» REQUIRED ACTION: Lines with "ezdxf": state how many there are in the records below, and nothing else.

(Stored items)
****

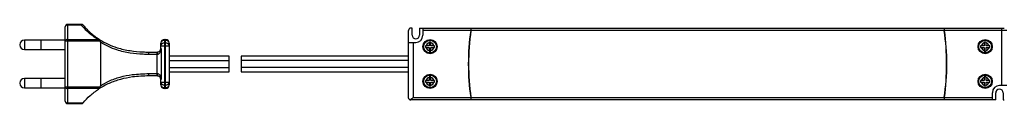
# Model space of a CAD drawing. Header units: millimetres. Extents: x -288 to 360, y -28 to 27.
# Tile 1 of 5: x -288 to 124, y -17 to 17. Entities that reach past the tile are written whole.
import ezdxf

# ---------------------------------------------------------------- set-up
doc = ezdxf.new("R2010")
doc.units = ezdxf.units.MM

msp = doc.modelspace()

# ---------------------------------------------------------------- linework, layer by layer
at = {"color": 7, "linetype": 'Continuous', "lineweight": 25}
for p, q in [((-261.74, 16.53), (-267.5, 16.53)), ((-267.5, 16.53), (-267.5, -16.53)), ((-261.74, 16.53), (-261.74, 16.21)), ((-268.5, -15.53), (-268.5, 15.53)), ((-261.74, 16.21), (-267.5, 16.21)), ((-125, -14), (-125, 14)), ((-123.5, 15), (-124, 15)), ((-123.5, 12.05), (-123.5, 15)), ((-120.4, 15), (124, 15)), ((-120.4, 15), (-120.4, 12.05)), ((-119, 15), (-119, 12)), ((-99.02, 14), (-119, 14)), ((98.91, 14), (-98.91, 14)), ((125, 14), (99.02, 14)), ((123, -9), (123, 15)), ((-278.5, 10), (-285.5, 10)), ((-285.5, 10), (-285.5, 6)), ((-278.5, 6), (-278.5, 10)), ((-268.5, 9.9), (-278.5, 9.9)), ((-253.9, 9.61), (-268.5, 9.61)), ((-267.5, 10.29), (-254.99, 10.29)), ((-253.9, 9.61), (-253.93, 9.66)), ((-253.75, 9.11), (-253.75, -9.11)), ((-228.5, 6.5), (-228.5, 8.75)), ((-227, 10.25), (-227, -10.25)), ((-227, 10.25), (-226.5, 10.25)), ((-226.5, 9.81), (-227, 9.81)), ((-227, 8.69), (-226.5, 8.69)), ((-226.5, -10.25), (-226.5, 10.25)), ((-225, 8.75), (-225, -8.75)), ((-125, 9), (-122, 9)), ((-123, 9), (-123, -14)), ((-116.35, 8.86), (-116.35, 7.6)), ((-115.65, 7.6), (-115.65, 8.86)), ((115.65, 8.86), (115.65, 7.6)), ((116.35, 7.6), (116.35, 8.86)), ((-285.5, 6), (-278.5, 6)), ((-278.5, 6.1), (-268.5, 6.1)), ((-233.5, 5), (-230, 5)), ((-228.5, 7.63), (-225, 7.63)), ((-228.5, 6.5), (-228.44, 6.5)), ((-228.44, 6.5), (-228.44, -6.5)), ((-116.35, 7.6), (-117.61, 7.6)), ((-117.61, 6.9), (-116.35, 6.9)), ((-116.35, 6.9), (-116.35, 5.64)), ((-114.39, 7.6), (-115.65, 7.6)), ((-115.65, 5.64), (-115.65, 6.9)), ((-115.65, 6.9), (-114.39, 6.9)), ((115.65, 7.6), (114.39, 7.6)), ((114.39, 6.9), (115.65, 6.9)), ((115.65, 6.9), (115.65, 5.64)), ((117.61, 7.6), (116.35, 7.6)), ((116.35, 6.9), (117.61, 6.9)), ((116.35, 5.64), (116.35, 6.9)), ((-230, -4), (-230, 4)), ((-229.95, 4), (-230, 4)), ((-200, 3.25), (-225, 3.25)), ((-225, 1.45), (-200, 1.45)), ((-200, -3.25), (-200, 3.25)), ((-125, 3.25), (-195, 3.25)), ((-195, 3.25), (-195, -3.25)), ((-125, 1.45), (-195, 1.45)), ((-99.89, 1.45), (-99.99, 1.45)), ((-99.85, 3.25), (-99.95, 3.25)), ((-230, -4), (-229.95, -4)), ((-225, -1.45), (-200, -1.45)), ((-225, -3.25), (-200, -3.25)), ((-125, -1.45), (-195, -1.45)), ((-195, -3.25), (-125, -3.25)), ((-99.89, -1.45), (-99.99, -1.45)), ((-99.95, -3.25), (-99.85, -3.25)), ((-278.5, -6), (-285.5, -6)), ((-285.5, -6), (-285.5, -10)), ((-278.5, -10), (-278.5, -6)), ((-268.5, -6.1), (-278.5, -6.1)), ((-230, -5), (-233.5, -5)), ((-228.5, -8.75), (-228.5, -6.5)), ((-228.44, -6.5), (-228.5, -6.5)), ((-228.5, -7.63), (-225, -7.63)), ((-116.35, -6.9), (-117.61, -6.9)), ((-117.61, -7.6), (-116.35, -7.6)), ((-116.35, -5.64), (-116.35, -6.9)), ((-116.35, -7.6), (-116.35, -8.86)), ((-115.65, -6.9), (-115.65, -5.64)), ((-114.39, -6.9), (-115.65, -6.9)), ((-115.65, -8.86), (-115.65, -7.6)), ((-115.65, -7.6), (-114.39, -7.6)), ((115.65, -6.9), (114.39, -6.9)), ((114.39, -7.6), (115.65, -7.6)), ((115.65, -5.64), (115.65, -6.9)), ((115.65, -7.6), (115.65, -8.86)), ((116.35, -6.9), (116.35, -5.64)), ((117.61, -6.9), (116.35, -6.9)), ((116.35, -7.6), (117.61, -7.6)), ((116.35, -8.86), (116.35, -7.6)), ((-285.5, -10), (-278.5, -10)), ((-278.5, -9.9), (-268.5, -9.9)), ((-268.5, -9.61), (-253.9, -9.61)), ((-254.28, -10.29), (-267.5, -10.29)), ((-254.5, -10.48), (-254.28, -10.29)), ((-226.5, -8.69), (-227, -8.69)), ((-227, -9.81), (-226.5, -9.81)), ((-226.5, -10.25), (-227, -10.25)), ((119, -15), (119, -12)), ((120.4, -15), (120.4, -12.05)), ((125, -9), (122, -9)), ((123.5, -12.05), (123.5, -15)), ((-267.5, -16.21), (-261.01, -16.21)), ((120.4, -15), (-124, -15)), ((-123, -14), (-99.02, -14)), ((-98.91, -14), (98.91, -14)), ((99.02, -14), (119, -14)), ((123.5, -15), (124, -15)), ((-267.5, -16.53), (-261.28, -16.53))]:
    msp.add_line(p, q, dxfattribs=at)
for centre, radius in [((-116, 7.25), 2.95), ((-116, 7.25), 2.65), ((116, 7.25), 2.95), ((116, 7.25), 2.65), ((-116, -7.25), 2.95), ((-116, -7.25), 2.65), ((116, -7.25), 2.95), ((116, -7.25), 2.65)]:
    msp.add_circle(centre, radius, dxfattribs=at)
for centre, radius, start, end in [((-267.5, 15.53), 1, 90, 180), ((-261.74, 15.53), 1, 41.118, 90), ((-267.63, 15.33), 0.888, 81.3043, 167.1625), ((-261.38, 15.68), 0.645, 52.5267, 124.0004), ((-124, 14), 1, 90, 180), ((0, 0), 100, 171.9522, 188.0478), ((0, 0), 99.9, 171.944, 188.056), ((0, 0), 99.9, 351.944, 8.056), ((0, 0), 100, 351.9522, 8.0478), ((-285.5, 8), 2, 90, 270), ((-267.63, 9.41), 0.888, 81.3043, 167.1625), ((-254.14, 9.81), 0.374, 67.3243, 129.132), ((-254.34, 9.85), 0.455, 334.4147, 41.0503), ((-227, 8.75), 1.5, 90, 180), ((-227.19, 8.48), 1.34, 81.9505, 168.5782), ((-227.19, 7.36), 1.34, 81.9505, 168.5782), ((-226.5, 8.75), 1.5, 0, 90), ((-226.31, 8.48), 1.34, 11.4218, 98.0495), ((-226.31, 7.36), 1.34, 11.4218, 98.0495), ((-121.95, 12.05), 1.55, 180, 0), ((-122, 12), 3, 270, 0), ((-116, 7.25), 1.65, 102.4101, 167.5899), ((-116, 7.25), 1.65, 12.4101, 77.5899), ((116, 7.25), 1.65, 102.4101, 167.5899), ((116, 7.25), 1.65, 12.4101, 77.5899), ((-240.83, 4.25), 7.37, 358.0586, 5.8423), ((-233.14, 4.25), 3.14, 355.4683, 13.8357), ((-235.18, 4.25), 5.24, 357.2698, 8.2413), ((-230, 6.5), 1.5, 351.8228, 360), ((-228.33, 6.27), 0.189, 175.304, 222.0862), ((-116, 7.25), 1.65, 192.4101, 257.5899), ((-116, 7.25), 1.65, 282.4101, 347.5899), ((116, 7.25), 1.65, 192.4101, 257.5899), ((116, 7.25), 1.65, 282.4101, 347.5899), ((-240.83, -4.25), 7.37, 354.1577, 1.9414), ((-233.14, -4.25), 3.14, 346.1643, 4.5317), ((-235.18, -4.25), 5.24, 351.7587, 2.7302), ((-285.5, -8), 2, 90, 270), ((-228.33, -6.27), 0.189, 137.9138, 184.696), ((-230, -6.5), 1.5, 0, 8.1772), ((-227.19, -7.36), 1.34, 191.4218, 278.0495), ((-226.31, -7.36), 1.34, 261.9505, 348.5782), ((-116, -7.25), 1.65, 102.4101, 167.5899), ((-116, -7.25), 1.65, 192.4101, 257.5899), ((-116, -7.25), 1.65, 12.4101, 77.5899), ((-116, -7.25), 1.65, 282.4101, 347.5899), ((116, -7.25), 1.65, 102.4101, 167.5899), ((116, -7.25), 1.65, 192.4101, 257.5899), ((116, -7.25), 1.65, 12.4101, 77.5899), ((116, -7.25), 1.65, 282.4101, 347.5899), ((-267.63, -9.41), 0.888, 192.8375, 278.6957), ((-227.19, -8.48), 1.34, 191.4218, 278.0495), ((-227, -8.75), 1.5, 180, 270), ((-226.31, -8.48), 1.34, 261.9505, 348.5782), ((-226.5, -8.75), 1.5, 270, 0), ((122, -12), 3, 90, 180), ((121.95, -12.05), 1.55, 0, 180), ((-267.5, -15.53), 1, 180, 270), ((-267.63, -15.33), 0.888, 192.8375, 278.6957), ((-124, -14), 1, 245.5302, 270)]:
    msp.add_arc(centre, radius, start, end, dxfattribs=at)
for points, knots in [([(-254.99, 10.29), (-256.22, 11.16), (-258.75, 12.97), (-260.73, 15.11), (-261.74, 16.21)], [0, 0, 0, 0, 0.485634, 1, 1, 1, 1]), ([(-260.99, 16.19), (-260, 15.12), (-258, 12.99), (-255.46, 11.08), (-254.06, 10.19), (-253.99, 10.15)], [0, 0, 0, 0, 0.486737, 0.9763, 1, 1, 1, 1]), ([(-98.87, 15), (-98.87, 15), (-98.87, 14.97), (-98.89, 14.87), (-98.9, 14.8), (-98.93, 14.61), (-98.94, 14.5), (-98.98, 14.26), (-99, 14.13), (-99.02, 14)], [0, 0, 0, 0, 0.25, 0.25, 0.5, 0.5, 0.75, 0.75, 1, 1, 1, 1]), ([(-98.91, 14), (-98.9, 14.13), (-98.88, 14.26), (-98.84, 14.5), (-98.83, 14.61), (-98.78, 14.89), (-98.77, 15), (-98.77, 15)], [0, 0, 0, 0, 0.25, 0.25, 0.5, 0.5, 1, 1, 1, 1]), ([(98.77, 15), (98.77, 15), (98.77, 14.97), (98.79, 14.87), (98.8, 14.8), (98.83, 14.61), (98.84, 14.5), (98.88, 14.26), (98.9, 14.13), (98.91, 14)], [0, 0, 0, 0, 0.25, 0.25, 0.5, 0.5, 0.75, 0.75, 1, 1, 1, 1]), ([(99.02, 14), (99, 14.13), (98.98, 14.26), (98.94, 14.5), (98.93, 14.61), (98.89, 14.89), (98.87, 15), (98.87, 15)], [0, 0, 0, 0, 0.25, 0.25, 0.5, 0.5, 1, 1, 1, 1]), ([(-254.99, 10.29), (-254.99, 10.29), (-254.78, 10.23), (-254.58, 10.16), (-254.37, 10.1)], [0, 0, 0, 0, 0.011663, 1, 1, 1, 1]), ([(-253.93, 9.66), (-253.98, 9.74), (-254.07, 9.9), (-254.23, 10.04), (-254.34, 10.08), (-254.37, 10.1)], [0, 0, 0, 0, 0.469353, 0.83627, 1, 1, 1, 1]), ([(-253.99, 10.15), (-252.87, 9.5), (-250.62, 8.21), (-246.36, 6.59), (-241.38, 5.46), (-237, 5.06), (-234.37, 5), (-233.59, 5), (-233.5, 5), (-233.5, 5)], [0, 0, 0, 0, 0.193097, 0.386053, 0.638692, 0.892202, 0.988272, 0.999997, 1, 1, 1, 1]), ([(-253.75, 9.11), (-253.75, 9.14), (-253.75, 9.27), (-253.81, 9.44), (-253.88, 9.57), (-253.9, 9.61)], [0, 0, 0, 0, 0.144171, 0.741938, 1, 1, 1, 1]), ([(-233.47, 4), (-234.27, 4.01), (-236.91, 4.04), (-241.43, 4.46), (-246.35, 5.59), (-250.52, 7.21), (-252.66, 8.47), (-253.75, 9.11)], [0, 0, 0, 0, 0.11158, 0.36763, 0.62898, 0.81167, 1, 1, 1, 1]), ([(-230, 5), (-229.91, 5.01), (-229.77, 5.01), (-229.51, 5.07), (-229.19, 5.21), (-228.82, 5.53), (-228.6, 5.87), (-228.54, 6.19), (-228.52, 6.29)], [0, 0, 0, 0, 0.101267, 0.143323, 0.295719, 0.527276, 0.856054, 1, 1, 1, 1]), ([(-228.47, 6.14), (-228.49, 5.98), (-228.55, 5.51), (-228.76, 4.89), (-229.14, 4.35), (-229.51, 4.09), (-229.78, 4.01), (-229.91, 4), (-229.95, 4)], [0, 0, 0, 0, 0.168069, 0.499305, 0.72203, 0.866424, 0.959326, 1, 1, 1, 1]), ([(-228.52, 6.29), (-228.5, 6.36), (-228.48, 6.43), (-228.44, 6.5), (-228.44, 6.5)], [0, 0, 0, 0, 0.98276, 1, 1, 1, 1]), ([(-228.44, 6.5), (-228.44, 6.5), (-228.45, 6.38), (-228.46, 6.26), (-228.47, 6.14)], [0, 0, 0, 0, 0.027292, 1, 1, 1, 1]), ([(-230, 4), (-230.67, 4), (-231.82, 4), (-232.98, 4), (-233.47, 4)], [0, 0, 0, 0, 0.576511, 1, 1, 1, 1]), ([(-253.75, -9.11), (-253.75, -9.11), (-252.64, -8.4), (-250.05, -6.98), (-245.54, -5.34), (-239.88, -4.2), (-235.8, -4.07), (-233.47, -4)], [0, 0, 0, 0, 0.000003, 0.200115, 0.433575, 0.676471, 1, 1, 1, 1]), ([(-233.47, -4), (-232.8, -4), (-231.64, -4), (-230.49, -4), (-230, -4)], [0, 0, 0, 0, 0.576457, 1, 1, 1, 1]), ([(-229.95, -4), (-229.87, -4.01), (-229.66, -4.02), (-229.46, -4.13), (-229.21, -4.31), (-228.88, -4.68), (-228.59, -5.32), (-228.51, -5.88), (-228.47, -6.14)], [0, 0, 0, 0, 0.083182, 0.203538, 0.221684, 0.406413, 0.720165, 1, 1, 1, 1]), ([(-233.5, -5), (-233.5, -5), (-235.79, -5), (-239.8, -5.22), (-245.4, -6.32), (-249.43, -7.72), (-252.41, -9.17), (-253.8, -10.04), (-254.5, -10.48)], [0, 0, 0, 0, 0.0000027, 0.3046187, 0.532619, 0.7599072, 0.8798803, 1, 1, 1, 1]), ([(-228.52, -6.29), (-228.56, -6.13), (-228.65, -5.76), (-228.94, -5.4), (-229.31, -5.15), (-229.59, -5.05), (-229.8, -5.01), (-229.92, -5), (-230, -5)], [0, 0, 0, 0, 0.250903, 0.56988, 0.763106, 0.872939, 0.910373, 1, 1, 1, 1]), ([(-228.44, -6.5), (-228.44, -6.5), (-228.48, -6.43), (-228.5, -6.36), (-228.52, -6.29)], [0, 0, 0, 0, 0.01724, 1, 1, 1, 1]), ([(-228.47, -6.14), (-228.46, -6.26), (-228.45, -6.38), (-228.44, -6.5), (-228.44, -6.5)], [0, 0, 0, 0, 0.972708, 1, 1, 1, 1]), ([(-261.01, -16.21), (-260.07, -15.18), (-258.16, -13.11), (-255.73, -11.36), (-254.5, -10.48)], [0, 0, 0, 0, 0.495727, 1, 1, 1, 1]), ([(-254.28, -10.29), (-254.21, -10.19), (-254.08, -9.99), (-253.96, -9.74), (-253.9, -9.61)], [0, 0, 0, 0, 0.497156, 1, 1, 1, 1]), ([(-253.9, -9.61), (-253.84, -9.5), (-253.77, -9.34), (-253.75, -9.17), (-253.75, -9.11)], [0, 0, 0, 0, 0.676885, 1, 1, 1, 1]), ([(-261.01, -16.21), (-261.07, -16.28), (-261.18, -16.4), (-261.27, -16.51), (-261.28, -16.52), (-261.28, -16.52)], [0, 0, 0, 0, 0.393791, 0.724586, 1, 1, 1, 1]), ([(-124.41, -14.91), (-124.52, -14.86), (-124.6, -14.8), (-124.75, -14.67), (-124.81, -14.59), (-124.91, -14.43), (-124.94, -14.35), (-124.99, -14.18), (-125, -14.09), (-125, -14)], [0, 0, 0, 0, 0.25, 0.25, 0.5, 0.5, 0.75, 0.75, 1, 1, 1, 1]), ([(-124.41, -14.91), (-124.31, -14.86), (-124.2, -14.8), (-123.97, -14.67), (-123.86, -14.59), (-123.62, -14.43), (-123.5, -14.35), (-123.25, -14.18), (-123.12, -14.09), (-123, -14)], [0, 0, 0, 0, 0.25, 0.25, 0.5, 0.5, 0.75, 0.75, 1, 1, 1, 1]), ([(-99.02, -14), (-99, -14.13), (-98.98, -14.26), (-98.94, -14.5), (-98.93, -14.61), (-98.89, -14.89), (-98.87, -15), (-98.87, -15)], [0, 0, 0, 0, 0.25, 0.25, 0.5, 0.5, 1, 1, 1, 1]), ([(-98.77, -15), (-98.77, -15), (-98.77, -14.97), (-98.79, -14.87), (-98.8, -14.8), (-98.83, -14.61), (-98.84, -14.5), (-98.88, -14.26), (-98.9, -14.13), (-98.91, -14)], [0, 0, 0, 0, 0.25, 0.25, 0.5, 0.5, 0.75, 0.75, 1, 1, 1, 1]), ([(98.91, -14), (98.9, -14.13), (98.88, -14.26), (98.84, -14.5), (98.83, -14.61), (98.78, -14.89), (98.77, -15), (98.77, -15)], [0, 0, 0, 0, 0.25, 0.25, 0.5, 0.5, 1, 1, 1, 1]), ([(98.87, -15), (98.87, -15), (98.87, -14.97), (98.89, -14.87), (98.9, -14.8), (98.93, -14.61), (98.94, -14.5), (98.98, -14.26), (99, -14.13), (99.02, -14)], [0, 0, 0, 0, 0.25, 0.25, 0.5, 0.5, 0.75, 0.75, 1, 1, 1, 1])]:
    msp.add_open_spline(points, degree=3, knots=knots, dxfattribs=at)
for points in [[(-115.65, 9.15), (-115.88, 9.15), (-116.12, 9.15), (-116.35, 9.15)], [(-116.35, 9.15), (-116.35, 9.06), (-116.35, 8.96), (-116.35, 8.86)], [(-115.65, 8.86), (-115.65, 8.96), (-115.65, 9.06), (-115.65, 9.15)], [(116.35, 9.15), (116.12, 9.15), (115.88, 9.15), (115.65, 9.15)], [(115.65, 9.15), (115.65, 9.06), (115.65, 8.96), (115.65, 8.86)], [(116.35, 8.86), (116.35, 8.96), (116.35, 9.06), (116.35, 9.15)], [(-117.9, 7.6), (-117.9, 7.37), (-117.9, 7.13), (-117.9, 6.9)], [(-117.61, 7.6), (-117.71, 7.6), (-117.81, 7.6), (-117.9, 7.6)], [(-117.9, 6.9), (-117.81, 6.9), (-117.71, 6.9), (-117.61, 6.9)], [(-116.35, 5.64), (-116.35, 5.54), (-116.35, 5.44), (-116.35, 5.35)], [(-116.35, 5.35), (-116.12, 5.35), (-115.88, 5.35), (-115.65, 5.35)], [(-115.65, 5.35), (-115.65, 5.44), (-115.65, 5.54), (-115.65, 5.64)], [(-114.1, 7.6), (-114.19, 7.6), (-114.29, 7.6), (-114.39, 7.6)], [(-114.39, 6.9), (-114.29, 6.9), (-114.19, 6.9), (-114.1, 6.9)], [(-114.1, 6.9), (-114.1, 7.13), (-114.1, 7.37), (-114.1, 7.6)], [(114.39, 7.6), (114.29, 7.6), (114.19, 7.6), (114.1, 7.6)], [(114.1, 7.6), (114.1, 7.37), (114.1, 7.13), (114.1, 6.9)], [(114.1, 6.9), (114.19, 6.9), (114.29, 6.9), (114.39, 6.9)], [(115.65, 5.64), (115.65, 5.54), (115.65, 5.44), (115.65, 5.35)], [(115.65, 5.35), (115.88, 5.35), (116.12, 5.35), (116.35, 5.35)], [(116.35, 5.35), (116.35, 5.44), (116.35, 5.54), (116.35, 5.64)], [(117.9, 7.6), (117.81, 7.6), (117.71, 7.6), (117.61, 7.6)], [(117.61, 6.9), (117.71, 6.9), (117.81, 6.9), (117.9, 6.9)], [(117.9, 6.9), (117.9, 7.13), (117.9, 7.37), (117.9, 7.6)], [(-117.61, -6.9), (-117.71, -6.9), (-117.81, -6.9), (-117.9, -6.9)], [(-117.9, -6.9), (-117.9, -7.13), (-117.9, -7.37), (-117.9, -7.6)], [(-117.9, -7.6), (-117.81, -7.6), (-117.71, -7.6), (-117.61, -7.6)], [(-115.65, -5.35), (-115.88, -5.35), (-116.12, -5.35), (-116.35, -5.35)], [(-116.35, -5.35), (-116.35, -5.44), (-116.35, -5.54), (-116.35, -5.64)], [(-115.65, -5.64), (-115.65, -5.54), (-115.65, -5.44), (-115.65, -5.35)], [(-114.1, -6.9), (-114.19, -6.9), (-114.29, -6.9), (-114.39, -6.9)], [(-114.39, -7.6), (-114.29, -7.6), (-114.19, -7.6), (-114.1, -7.6)], [(-114.1, -7.6), (-114.1, -7.37), (-114.1, -7.13), (-114.1, -6.9)], [(114.1, -6.9), (114.1, -7.13), (114.1, -7.37), (114.1, -7.6)], [(114.39, -6.9), (114.29, -6.9), (114.19, -6.9), (114.1, -6.9)], [(114.1, -7.6), (114.19, -7.6), (114.29, -7.6), (114.39, -7.6)], [(116.35, -5.35), (116.12, -5.35), (115.88, -5.35), (115.65, -5.35)], [(115.65, -5.35), (115.65, -5.44), (115.65, -5.54), (115.65, -5.64)], [(116.35, -5.64), (116.35, -5.54), (116.35, -5.44), (116.35, -5.35)], [(117.9, -6.9), (117.81, -6.9), (117.71, -6.9), (117.61, -6.9)], [(117.61, -7.6), (117.71, -7.6), (117.81, -7.6), (117.9, -7.6)], [(117.9, -7.6), (117.9, -7.37), (117.9, -7.13), (117.9, -6.9)], [(-116.35, -8.86), (-116.35, -8.96), (-116.35, -9.06), (-116.35, -9.15)], [(-116.35, -9.15), (-116.12, -9.15), (-115.88, -9.15), (-115.65, -9.15)], [(-115.65, -9.15), (-115.65, -9.06), (-115.65, -8.96), (-115.65, -8.86)], [(115.65, -8.86), (115.65, -8.96), (115.65, -9.06), (115.65, -9.15)], [(115.65, -9.15), (115.88, -9.15), (116.12, -9.15), (116.35, -9.15)], [(116.35, -9.15), (116.35, -9.06), (116.35, -8.96), (116.35, -8.86)]]:
    msp.add_open_spline(points, degree=3, dxfattribs=at)

doc.saveas('drawing.dxf')

****

» FINISHED TASK: 3